Creator Cakes has served this community for over two decades. That we run our business in accordance with our Christian faith is well known in the community.

We've grown very concerned over the last week's events that saw businesses like ours unwantedly thrust into the national spotlight. We're one of the few handfuls of businesses that serve the wedding industry out of Christian conviction. Our letterhead even includes 1 Corinthians 1:31: “So, whether you eat or drink, or whatever you do, do all to the glory of God.” We do so because for over two decades, we've felt that this business platform gives us the best opportunity to minister to our community and to be an influence for Jesus Christ.

From providing free cakes to proms for handicapped students, to making sure that we pay our employees above the minimum wage, to using environmentally healthy products, we've striven to run our business to the glory of God and to the furtherance of His Kingdom. We believe that the spark of creativity that brings forth our culinary masterpieces originates from God's image in each of us.

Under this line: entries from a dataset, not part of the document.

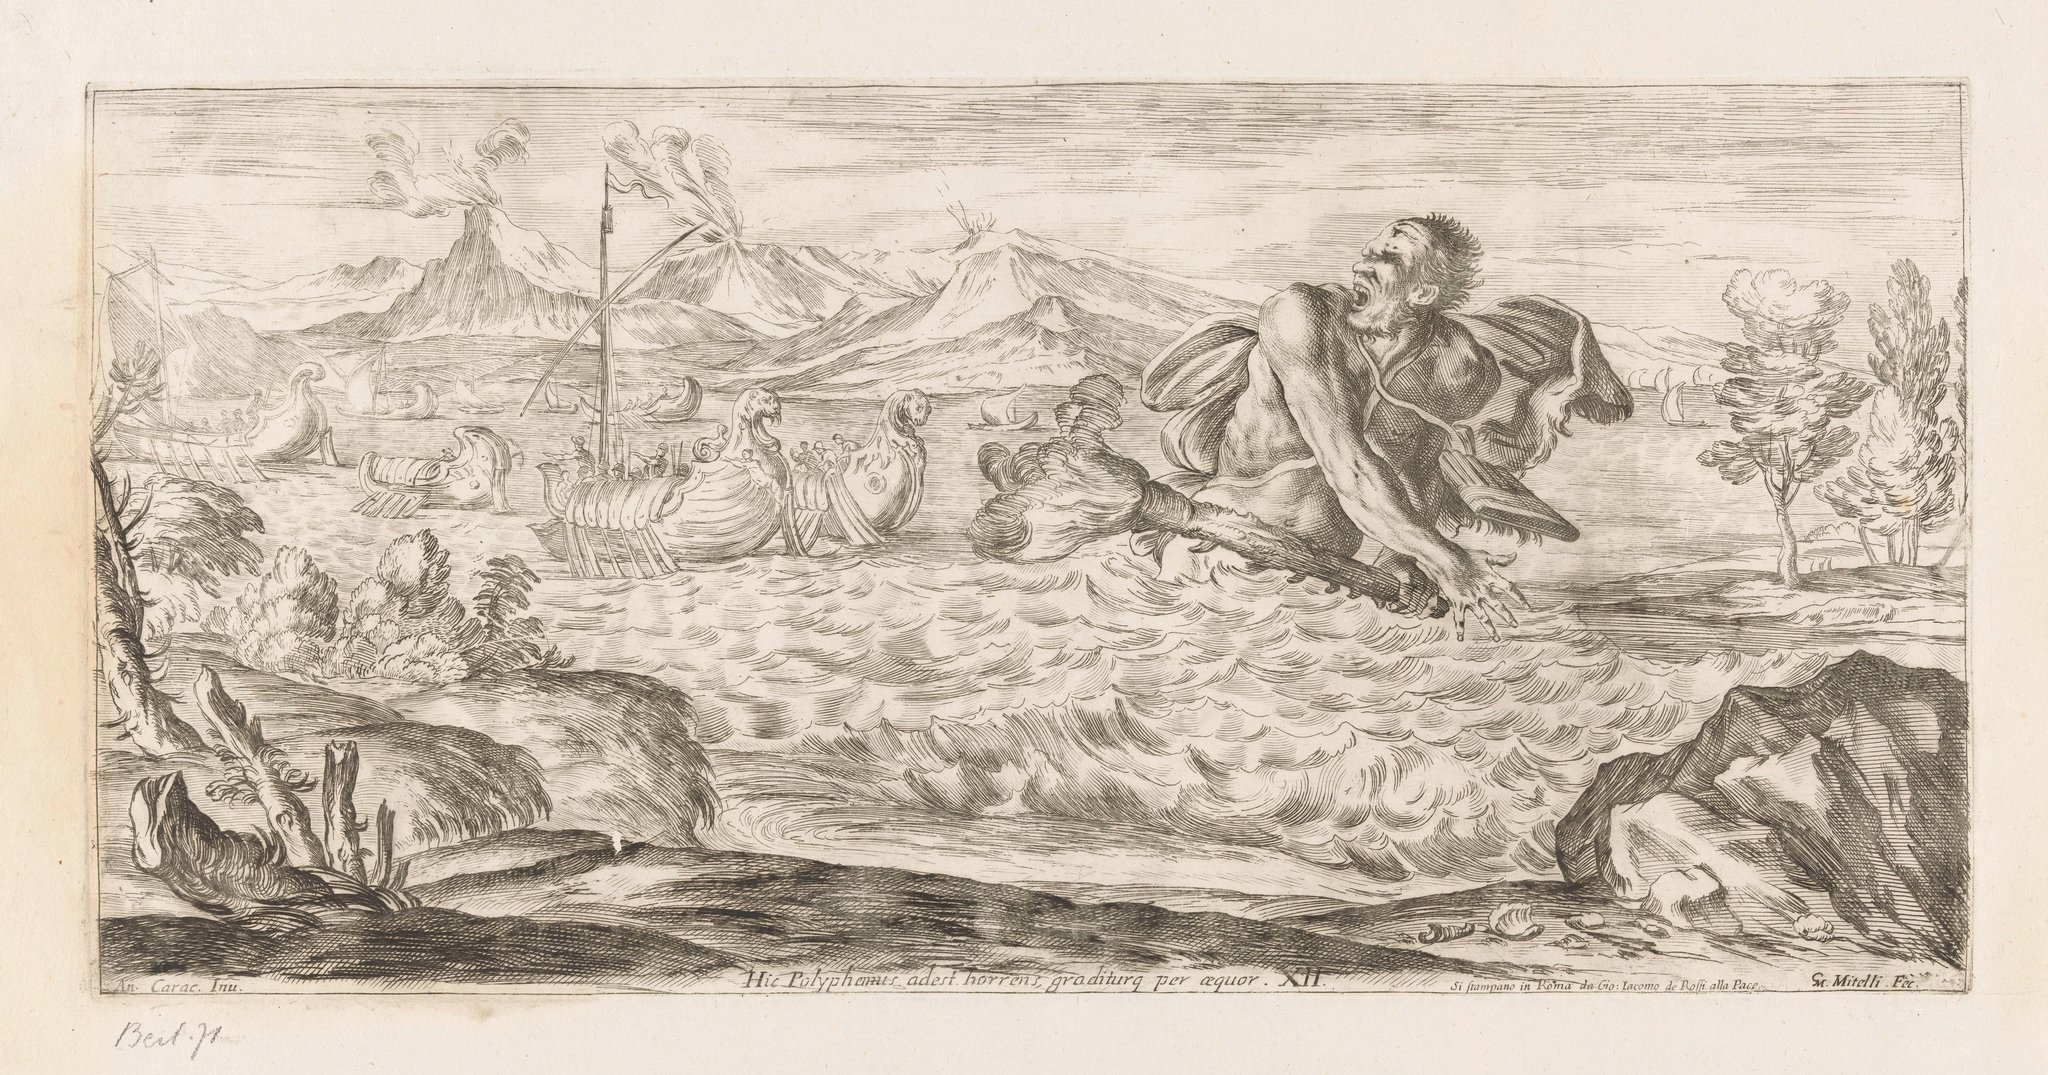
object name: print
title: Omzwervingen van Aeneas
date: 1663
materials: paper
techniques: etching
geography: italy
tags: the trojans escape from polyphemus and the cyclopes
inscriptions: collector's mark: Lugt 2228
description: Deze prent maakt deel uit van een reeks van 20 prenten (+ titelprent) naar de fresco's door de Carracci's in Palazzo Fava Ghisilieri te Bologna.
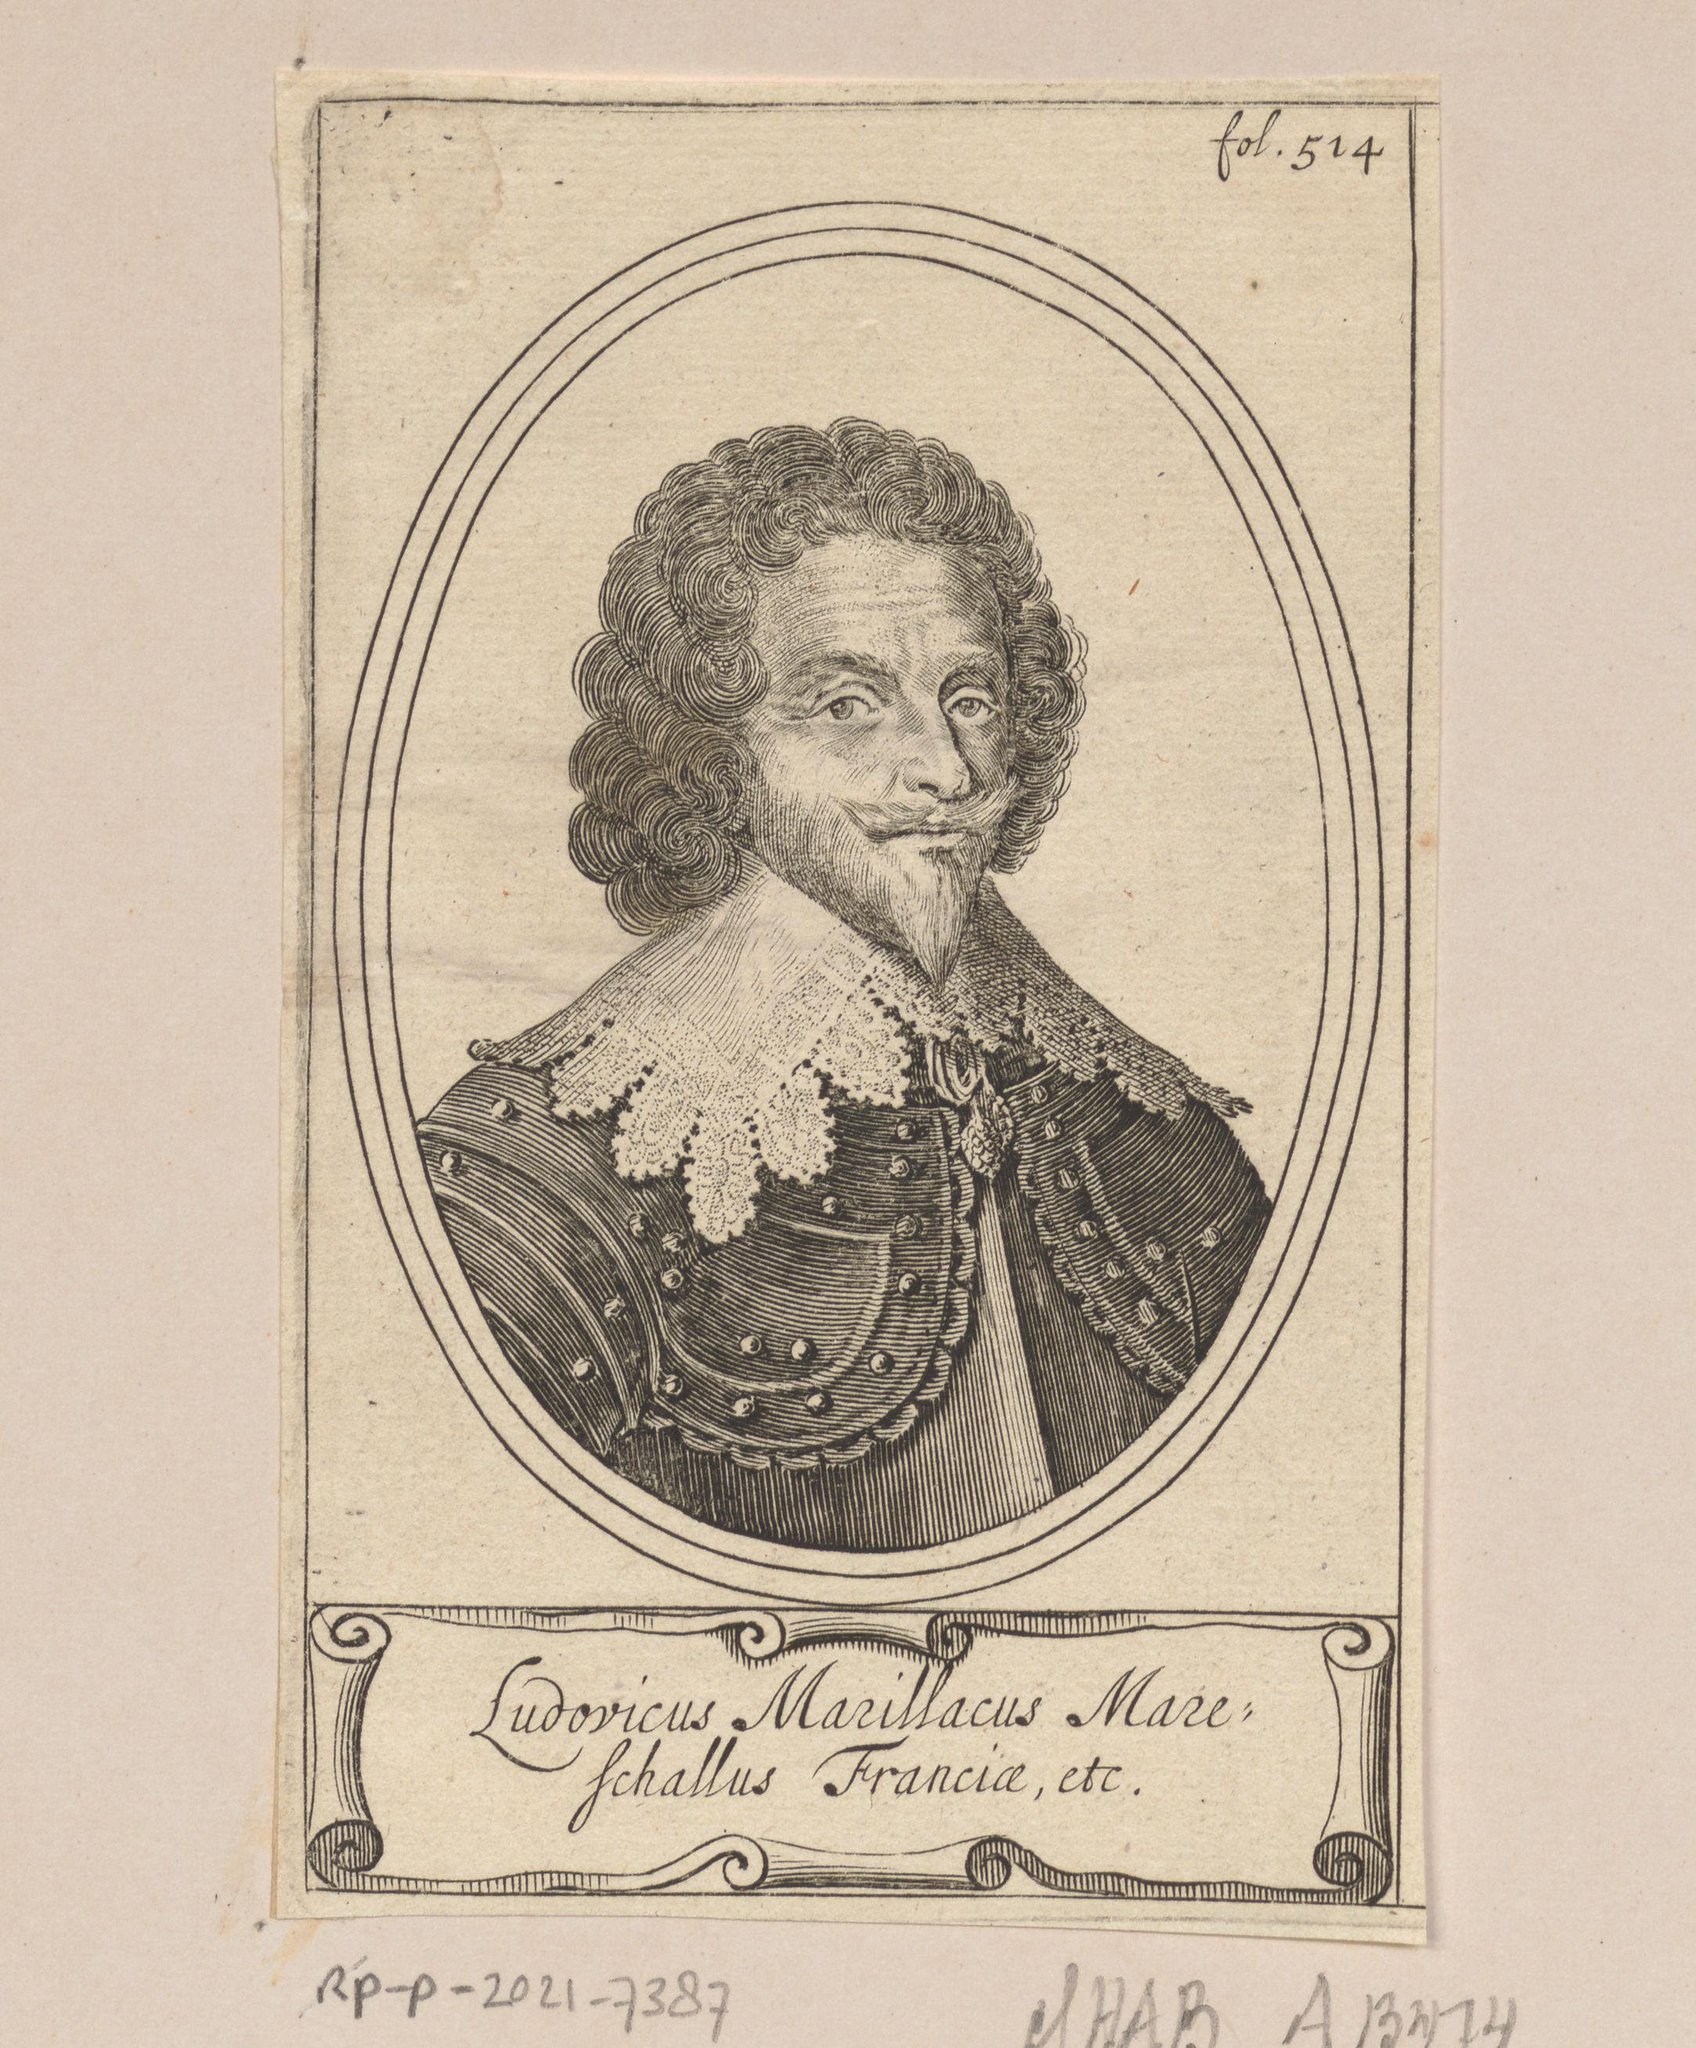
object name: print
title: Portret van Louis de Marillac
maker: Anonymous
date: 1650
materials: paper
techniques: engraving, etching
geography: northern netherlands
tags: paris, historical persons
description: Eerdere staat gebruikt in: Bos, Lambert van den. Het treur-toonneel der doorluchtige mannen onser eeuwe (...). Amsterdam: Nicolaes van Ravesteyn, 1650, dl. 1.

We love our customers—all of them; gay or straight. In the span of our career, we've never turned away a customer for who he or she is. That is abhorrent. We have, however, turned away customers whose remarriages were performed under the pretense of adultery. We did not feel comfortable using our talents in service of a ceremony that would wrongly lend sacramental blessing to what the Bible labels sin.

Increasingly, we've seen people like us—Christian bakers, florists, and photographers—targeted, maligned, and harassed for choosing not to use our creative talents and speech in service of same-sex weddings. Where scenarios like this have arisen, it has been the business that has lost, despite the lies thrown out in the media that “religious liberty” results in a “license to discriminate.” Influential business elites, coupled with the media and gay rights activists have colluded to attack and undermine the rights of small business owners like us. They have portrayed our businesses as purveyors of invidious discrimination. These are all lies.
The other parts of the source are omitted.